$f:X\rightarrow S^1$ a continuous map. $X$ a path-connected topological space.

Let $f:X\rightarrow S^1$ be a continuous map from a path-connected topological space $X$ and let $p:\mathbb{R} \rightarrow S^1$ be the universal covering.

What is the condition when $f$ admits a lifting that there exists a continuous map $h: X \rightarrow \mathbb{R}$ such that $p \circ h = f$ ?

• Have you looked in any textbook which treats covering spaces? Jun 18 '14 at 8:13
• @MarianoSuárez-Alvarez I have read some notes but not textbook Jun 18 '14 at 8:16
• This is a condition on the pushforwards of the fundamental groups: See on the "Lifting Conditions" part: en.wikipedia.org/wiki/Covering_space Jun 18 '14 at 8:29
• Note that there are no non trivial homomorphisms from a finite group to the infinite cyclic group, therefore the image on the level of fundamental group of such spaces will always be trivial , ie contained in the image of $p_*$ Jun 18 '14 at 8:52

In general the following result holds for all connectet, locally connected topological spaces:

Let $p:X\longrightarrow Y$ be a cover and let $f:Z\longrightarrow Y$ be a continuous map. Let $z_{0}\in Z$ be a fixed basepoint and let $y_{0}=f(z_{0})\in Y,$ $x_{0}\in X$ such that $p(x_{0})=y_{0}$ (i.e., all the base point are constructed in the obvious way).

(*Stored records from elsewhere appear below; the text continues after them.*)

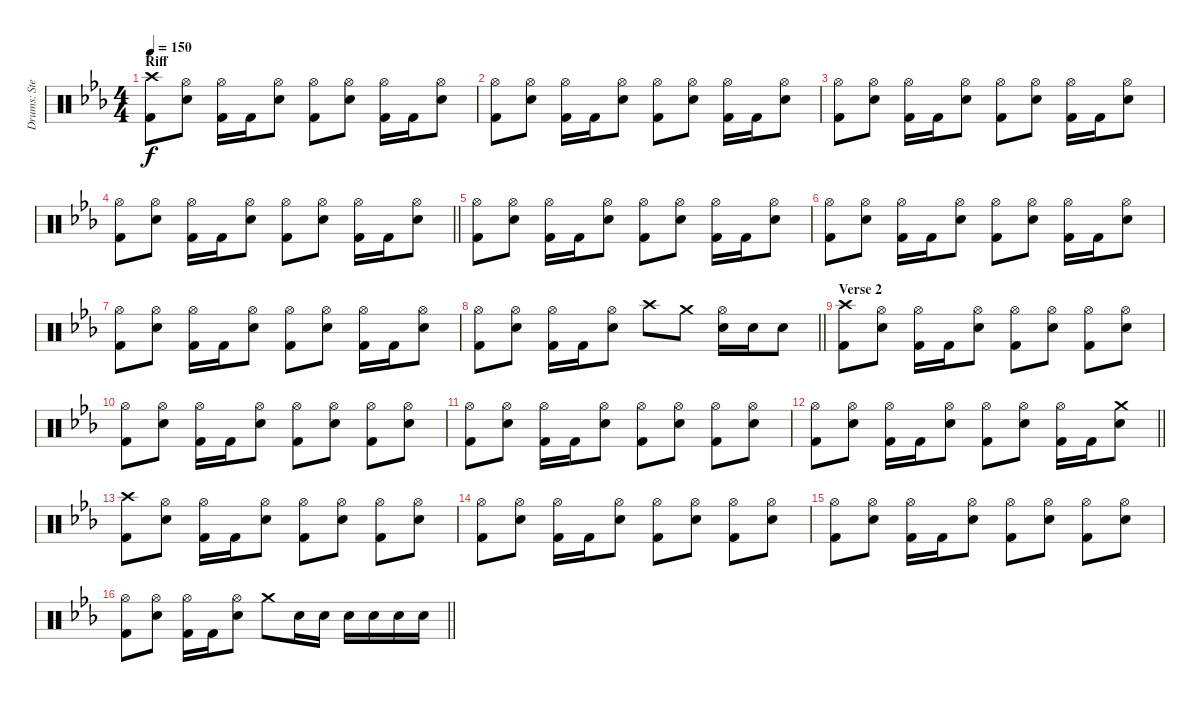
\track ("Drums: Stefan Svantesson" "Drums: Ste") {instrument percussion}
\staff {score}
\articulation defaults
\ts (4 4)
\section ("" "Riff")
\tempo 150
\clef neutral
\ks cminor
("Crash high (hit)" "Kick (hit) 2").8{dy f} ("Hi-Hat (open)" "Electric Snare (hit)").8 ("Hi-Hat (open)" "Kick (hit) 2").16 "Kick (hit) 2".16 ("Hi-Hat (open)" "Electric Snare (hit)").8 ("Hi-Hat (open)" "Kick (hit) 2").8 ("Hi-Hat (open)" "Electric Snare (hit)").8 ("Hi-Hat (open)" "Kick (hit) 2").16 "Kick (hit) 2".16 ("Hi-Hat (open)" "Electric Snare (hit)").8 |
("Hi-Hat (open)" "Kick (hit) 2").8 ("Hi-Hat (open)" "Electric Snare (hit)").8 ("Hi-Hat (open)" "Kick (hit) 2").16 "Kick (hit) 2".16 ("Hi-Hat (open)" "Electric Snare (hit)").8 ("Hi-Hat (open)" "Kick (hit) 2").8 ("Hi-Hat (open)" "Electric Snare (hit)").8 ("Hi-Hat (open)" "Kick (hit) 2").16 "Kick (hit) 2".16 ("Hi-Hat (open)" "Electric Snare (hit)").8 |
("Hi-Hat (open)" "Kick (hit) 2").8 ("Hi-Hat (open)" "Electric Snare (hit)").8 ("Hi-Hat (open)" "Kick (hit) 2").16 "Kick (hit) 2".16 ("Hi-Hat (open)" "Electric Snare (hit)").8 ("Hi-Hat (open)" "Kick (hit) 2").8 ("Hi-Hat (open)" "Electric Snare (hit)").8 ("Hi-Hat (open)" "Kick (hit) 2").16 "Kick (hit) 2".16 ("Hi-Hat (open)" "Electric Snare (hit)").8 |
\barLineRight lightlight
("Hi-Hat (open)" "Kick (hit) 2").8 ("Hi-Hat (open)" "Electric Snare (hit)").8 ("Hi-Hat (open)" "Kick (hit) 2").16 "Kick (hit) 2".16 ("Hi-Hat (open)" "Electric Snare (hit)").8 ("Hi-Hat (open)" "Kick (hit) 2").8 ("Hi-Hat (open)" "Electric Snare (hit)").8 ("Hi-Hat (open)" "Kick (hit) 2").16 "Kick (hit) 2".16 ("Hi-Hat (open)" "Electric Snare (hit)").8 |
("Hi-Hat (open)" "Kick (hit) 2").8 ("Hi-Hat (open)" "Electric Snare (hit)").8 ("Hi-Hat (open)" "Kick (hit) 2").16 "Kick (hit) 2".16 ("Hi-Hat (open)" "Electric Snare (hit)").8 ("Hi-Hat (open)" "Kick (hit) 2").8 ("Hi-Hat (open)" "Electric Snare (hit)").8 ("Hi-Hat (open)" "Kick (hit) 2").16 "Kick (hit) 2".16 ("Hi-Hat (open)" "Electric Snare (hit)").8 |
("Hi-Hat (open)" "Kick (hit) 2").8 ("Hi-Hat (open)" "Electric Snare (hit)").8 ("Hi-Hat (open)" "Kick (hit) 2").16 "Kick (hit) 2".16 ("Hi-Hat (open)" "Electric Snare (hit)").8 ("Hi-Hat (open)" "Kick (hit) 2").8 ("Hi-Hat (open)" "Electric Snare (hit)").8 ("Hi-Hat (open)" "Kick (hit) 2").16 "Kick (hit) 2".16 ("Hi-Hat (open)" "Electric Snare (hit)").8 |
("Hi-Hat (open)" "Kick (hit) 2").8 ("Hi-Hat (open)" "Electric Snare (hit)").8 ("Hi-Hat (open)" "Kick (hit) 2").16 "Kick (hit) 2".16 ("Hi-Hat (open)" "Electric Snare (hit)").8 ("Hi-Hat (open)" "Kick (hit) 2").8 ("Hi-Hat (open)" "Electric Snare (hit)").8 ("Hi-Hat (open)" "Kick (hit) 2").16 "Kick (hit) 2".16 ("Hi-Hat (open)" "Electric Snare (hit)").8 |
\barLineRight lightlight
("Hi-Hat (open)" "Kick (hit) 2").8 ("Hi-Hat (open)" "Electric Snare (hit)").8 ("Hi-Hat (open)" "Kick (hit) 2").16 "Kick (hit) 2".16 ("Hi-Hat (open)" "Electric Snare (hit)").8 "Crash high (hit)".8 "Crash medium (hit)".8 ("Hi-Hat (open)" "Electric Snare (hit)").16 "Electric Snare (hit)".16 "Electric Snare (hit)".8 |
\section ("" "Verse 2")
("Crash high (hit)" "Kick (hit) 2").8 ("Hi-Hat (open)" "Electric Snare (hit)").8 ("Hi-Hat (open)" "Kick (hit) 2").16 "Kick (hit) 2".16 ("Hi-Hat (open)" "Electric Snare (hit)").8 ("Hi-Hat (open)" "Kick (hit) 2").8 ("Hi-Hat (open)" "Electric Snare (hit)").8 ("Hi-Hat (open)" "Kick (hit) 2").8 ("Hi-Hat (open)" "Electric Snare (hit)").8 |
("Hi-Hat (open)" "Kick (hit) 2").8 ("Hi-Hat (open)" "Electric Snare (hit)").8 ("Hi-Hat (open)" "Kick (hit) 2").16 "Kick (hit) 2".16 ("Hi-Hat (open)" "Electric Snare (hit)").8 ("Hi-Hat (open)" "Kick (hit) 2").8 ("Hi-Hat (open)" "Electric Snare (hit)").8 ("Hi-Hat (open)" "Kick (hit) 2").8 ("Hi-Hat (open)" "Electric Snare (hit)").8 |
("Hi-Hat (open)" "Kick (hit) 2").8 ("Hi-Hat (open)" "Electric Snare (hit)").8 ("Hi-Hat (open)" "Kick (hit) 2").16 "Kick (hit) 2".16 ("Hi-Hat (open)" "Electric Snare (hit)").8 ("Hi-Hat (open)" "Kick (hit) 2").8 ("Hi-Hat (open)" "Electric Snare (hit)").8 ("Hi-Hat (open)" "Kick (hit) 2").8 ("Hi-Hat (open)" "Electric Snare (hit)").8 |
\barLineRight lightlight
("Hi-Hat (open)" "Kick (hit) 2").8 ("Hi-Hat (open)" "Electric Snare (hit)").8 ("Hi-Hat (open)" "Kick (hit) 2").16 "Kick (hit) 2".16 ("Hi-Hat (open)" "Electric Snare (hit)").8 ("Hi-Hat (open)" "Kick (hit) 2").8 ("Hi-Hat (open)" "Electric Snare (hit)").8 ("Hi-Hat (open)" "Kick (hit) 2").16 "Kick (hit) 2".16 ("Crash medium (hit)" "Electric Snare (hit)").8 |
("Crash high (hit)" "Kick (hit) 2").8 ("Hi-Hat (open)" "Electric Snare (hit)").8 ("Hi-Hat (open)" "Kick (hit) 2").16 "Kick (hit) 2".16 ("Hi-Hat (open)" "Electric Snare (hit)").8 ("Hi-Hat (open)" "Kick (hit) 2").8 ("Hi-Hat (open)" "Electric Snare (hit)").8 ("Hi-Hat (open)" "Kick (hit) 2").8 ("Hi-Hat (open)" "Electric Snare (hit)").8 |
("Hi-Hat (open)" "Kick (hit) 2").8 ("Hi-Hat (open)" "Electric Snare (hit)").8 ("Hi-Hat (open)" "Kick (hit) 2").16 "Kick (hit) 2".16 ("Hi-Hat (open)" "Electric Snare (hit)").8 ("Hi-Hat (open)" "Kick (hit) 2").8 ("Hi-Hat (open)" "Electric Snare (hit)").8 ("Hi-Hat (open)" "Kick (hit) 2").8 ("Hi-Hat (open)" "Electric Snare (hit)").8 |
("Hi-Hat (open)" "Kick (hit) 2").8 ("Hi-Hat (open)" "Electric Snare (hit)").8 ("Hi-Hat (open)" "Kick (hit) 2").16 "Kick (hit) 2".16 ("Hi-Hat (open)" "Electric Snare (hit)").8 ("Hi-Hat (open)" "Kick (hit) 2").8 ("Hi-Hat (open)" "Electric Snare (hit)").8 ("Hi-Hat (open)" "Kick (hit) 2").8 ("Hi-Hat (open)" "Electric Snare (hit)").8 |
\barLineRight lightlight
("Hi-Hat (open)" "Kick (hit) 2").8 ("Hi-Hat (open)" "Electric Snare (hit)").8 ("Hi-Hat (open)" "Kick (hit) 2").16 "Kick (hit) 2".16 ("Hi-Hat (open)" "Electric Snare (hit)").8 "Crash medium (hit)".8 "Electric Snare (hit)".16 "Electric Snare (hit)".16 "Electric Snare (hit)".16 "Electric Snare (hit)".16 "Electric Snare (hit)".16 "Electric Snare (hit)".16

Hence, the continuous map $f$ admits a lift if and only if the following condition is satisfied:

$$f_{\ast}\pi_{1}(Z,z_{0})\subseteq p_{\ast}\pi_{1}(X,x_{0})$$

In particular, if $Z$ is simply connectd, your map always admits a lift. Moreover, here's an application to your specific case. First of all, you know $\pi_{1}(S^{1},y_{0})=\mathbb{Z}.$ As a useful criterion, if $\pi_{1}(Z,z_{0})$ is an abelian group of the form $(\mathbb{Z}/p_{1}^{q_{1}}\mathbb{Z})\times\cdots\times(\mathbb{Z}/p_{r}^{q_{r}}\mathbb{Z}),$ where $p_{1},\ldots,p_{r}$ are prime numbers, then you can deduce the group homomorphism $f_{\ast}$ must be $f_{\ast}=0$ and so your map $f$ admits a lift. This is, for example, the case of $Z=\mathbb{RP}^{n}$ for $n\geq2.$

• And in this case $X$ is given as the universal cover, so we need the pushforward/induced map to be zero (the zero class) in Y. I don't know how to generalize this; I guess the image of any class must not contain a full loop about $S^1$. Jun 18 '14 at 8:44
• In your specific case, $\pi_{1}(S^{1},y_{0})=\mathbb{Z}.$ As a useful criterion, if $\pi_{1}(Z,z_{0})$ is an abelian group of the form $\mathbb{Z}/p^{\alpha_{1}}\mathbb{Z}\times\mathbb{Z}/p^{\alpha_{1}}\mathbb{Z}$ Jun 18 '14 at 8:58
• That is beyond my level of expertise in Algebra at this moment. That is a good point, why don't you include your comment in your post? Jun 18 '14 at 9:09
• Sorry, but I make a mystake in writing my previous comments: I'm new here. Here the application to your case and an example. In your specific case, $\pi_{1}(S^{1},y_{0})=\mathbb{Z}.$ As a useful criterion, if $\pi_{1}(Z,z_{0})$ is an abelian group of the form $(\mathbb{Z}/p_{1}^{q_{1}}\mathbb{Z})\times\cdots\times(\mathbb{Z}/p_{r}^{q_{r}}\mathbb{Z}),$ where $p_{1},\ldots,p_{r}$ are prime numbers, then you can deduce the group homomorphism $f_{\ast}$ must be $f_{\ast}=0$ and so your map $f$ admits a lift. This is, for example, the case of $Z=\mathbb{RP}^{n}$ for $n\geq2.$ Jun 18 '14 at 9:11
• This is a good point; include it in your post and I will upvote you; you can just copy and paste your comment into the post. I learnt this interesting issue from your comment. Welcome/Wilkommen to Math Stack Exchange. Jun 18 '14 at 9:14

If you can show that every possible homomorphism between a finite group and $\mathbb Z$ "factors through", you are done.I think the issue here is that there is only one possible homomorphism between a finite group and $\mathbb Z$, so that, in particular, there is only one possible induced homomorphism between the two fundamental groups.

Figure out what that homomorphisms is/are and show that that the homomorphism(s) satisfies the lifting conditions. Notice that a homomorphism must map elements of finite order to elements of finite order. Are there (non-trivial) elements of finite order in $\mathbb Z$? If not so, what is/are the only possible homomorphisms between the two groups?